PERVOL has successfully established a new type of volatile sampling system that couples a robotic system to a custom airflow system and a proton transfer reaction mass spectrometer (PTR-MS). This system is capable of recording volatile fingerprints of over 100 different volatile sources with a temporal resolution below 30 minutes, thus setting a new standard in the field of plant volatile research and leading to a patent filed by an involved SME.

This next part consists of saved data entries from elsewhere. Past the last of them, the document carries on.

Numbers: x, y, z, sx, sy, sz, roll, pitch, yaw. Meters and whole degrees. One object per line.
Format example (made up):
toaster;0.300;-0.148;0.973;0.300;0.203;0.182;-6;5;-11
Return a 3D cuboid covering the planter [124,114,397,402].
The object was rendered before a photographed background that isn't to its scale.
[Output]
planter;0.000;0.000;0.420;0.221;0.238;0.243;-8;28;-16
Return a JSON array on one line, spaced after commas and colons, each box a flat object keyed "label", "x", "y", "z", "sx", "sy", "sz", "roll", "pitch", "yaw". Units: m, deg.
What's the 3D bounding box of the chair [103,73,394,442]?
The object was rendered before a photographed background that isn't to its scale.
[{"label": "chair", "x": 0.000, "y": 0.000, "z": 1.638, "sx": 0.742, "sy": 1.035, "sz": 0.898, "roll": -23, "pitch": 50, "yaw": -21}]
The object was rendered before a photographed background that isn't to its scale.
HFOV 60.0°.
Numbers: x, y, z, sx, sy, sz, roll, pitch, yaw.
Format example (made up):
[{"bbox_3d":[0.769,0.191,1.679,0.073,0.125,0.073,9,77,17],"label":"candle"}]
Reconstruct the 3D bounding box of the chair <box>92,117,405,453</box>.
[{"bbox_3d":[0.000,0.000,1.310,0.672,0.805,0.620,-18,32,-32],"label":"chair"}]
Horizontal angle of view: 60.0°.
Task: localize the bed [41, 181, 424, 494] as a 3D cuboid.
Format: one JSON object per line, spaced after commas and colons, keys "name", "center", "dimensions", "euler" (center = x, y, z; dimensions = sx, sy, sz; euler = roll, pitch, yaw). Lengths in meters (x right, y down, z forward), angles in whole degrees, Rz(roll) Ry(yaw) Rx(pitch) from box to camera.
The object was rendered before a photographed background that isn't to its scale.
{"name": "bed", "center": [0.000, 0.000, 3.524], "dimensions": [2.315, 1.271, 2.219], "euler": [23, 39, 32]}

PERVOL has also successfully uncovered how maize plants integrate two volatile cues with complementary information value, indole and hexenyl acetate, into strong defense responses an enhanced resistance against chewing herbivores. Further, using transgenic rice plants impaired in early defense signaling, PERVOL demonstrated that indole-induced herbivore resistance is due to its enhancing effects on early defense signaling, resulting in higher jasmonate production upon attack. PERVOL furthermore identified the map kinase MPK3 to be essential for indole-mediated resistance priming. Thus, this work identifies early signaling components that are required for the perception of herbivory-induced volatiles in plants. These findings have been published in peer reviewed journals. PERVOL has also uncovered a series of novel candidate genes with unknown function that are likely involved in plant volatile perception, to be investigated further in the future.
PERVOL has made significant advances in understanding the potential and biological impact of plant volatile signaling. It uncovered that indole not only reprograms plant immunity, but also herbivory immunity and defense, a novel phenomenon which was then demonstrated to shape tritrophic interactions. This finding has been published in the peer reviewed literature. Further experiments revealed potentially important spatiotemporal perception patterns and drought-related interactions, both of which will be investigated in depth in follow-up experiments.